Whats your view on schizophrenia,what do you want to change about it?

Whats your view on schizophrenia,what do you want to change about it?

I’d like to keep the spiritual ecstasy that comes from certain psychological states, while doing away with critical voices and disturbing delusions.

I think schizophrenia is an alteration of the mind, something like a flexibility of the mind, that sometimes yields useful insights but usually yields delusions and other “negative” mental phenomena.

In a way, I don’t think I would be spiritual if I didn’t have schizophrenia (maybe I’m wrong, but I never was before onset)- so I consider my spiritual openness and aspirations to be a “positive” aspect of my altered brain state. In a way, I have the fear that if my schizophrenia were to be “cured”, I would lose the spiritual dimension of my personality. However, I do experience many disturbing phenomena as the result of this disease, so I’d probably be overall happier and less stressed if it was cured.

I’d like for someone other than me to have it, thanks.

2 Likes

It sucks and I wish I didn’t have it.

But now that I do have it, I will try to be kind to it.

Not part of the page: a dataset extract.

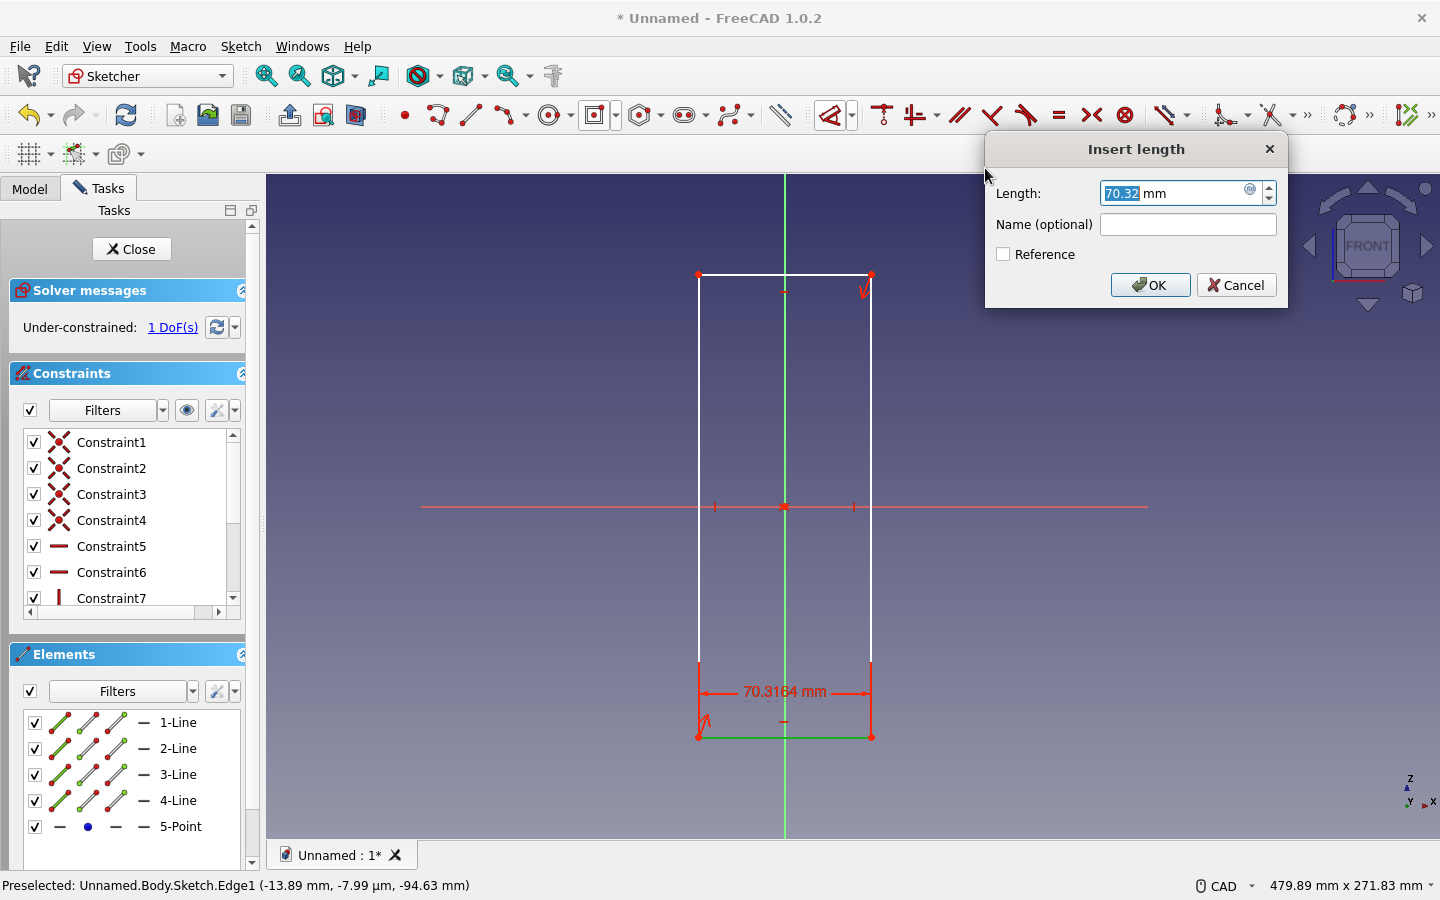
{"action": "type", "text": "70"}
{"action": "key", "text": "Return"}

On television they sometimes talk about someone with schizophrenia who has voices that actually tell them useful stuff. I want that like something would help me with math problems. Of course getting rid of it completely would be better.

1 Like

My view on sz - I wan’t it to disappear off the face of the earth.

1 Like

I’d want a cure for it. My view is that it sucks. Everything I had before I got ill just crumbled beneth me and left me hanging in twilight zone. I had a good job, was respected and had a lot of friends. Knew how to talk the talk and walk the walk. It’s all gone.

2 Likes

:-/,sorry to hear that,I feel like that too…Hope things changes

2 Likes

I am doing my best to find my way back. But it is a long way to go. My brain does not work as it used to do.

1 Like

It’s a truly medical disease. It’s a neurodevelopmental disorder which requires psychiatric and clinical psychological intervention, relatively intensive treatment for the rest of the patient’s life. There is some false notion that people with it are dangerous and unpredictable, when in reality were are afraid of danger more often than not, victims more often than perpetrators, and also predictable as a clock.

I want to show people that it is not a death sentence…also that it is not necessarily who we are. I mean I am a bit of an oxymoron about the whole “serious mental illness patient” thing when I do really well in the process of learning how to treat people like me. I often know what I need and where, sometimes how to get it, and I do perform. I have become very critical of myself, it is getting beyond introspective and into a bit masochistic in examining my flaws. Psychologists have corrected me in this pattern of behavior. I find it to be adaptive to an extent, but too much of a good thing…is too much. Basically, I just express being human and also being what people expect and even demand, while dealing with chronic schizophrenia…we are not machines who just manage schizophrenia and work and be perfect…no, we are flawed. I hate when people mistake the disorder for something that can be forgotten. Recovery is a lifelong process in the case of schizophrenia. Always flawed, always can improve. You know what? “Perfect” in some eyes is actually “defunct” in the eyes of others. It is about being aware of all parts of life, not saying “Oh I achieved this or that! I am fine!” -no that person is not fine…I achieved a whole lot and came out even more damaged.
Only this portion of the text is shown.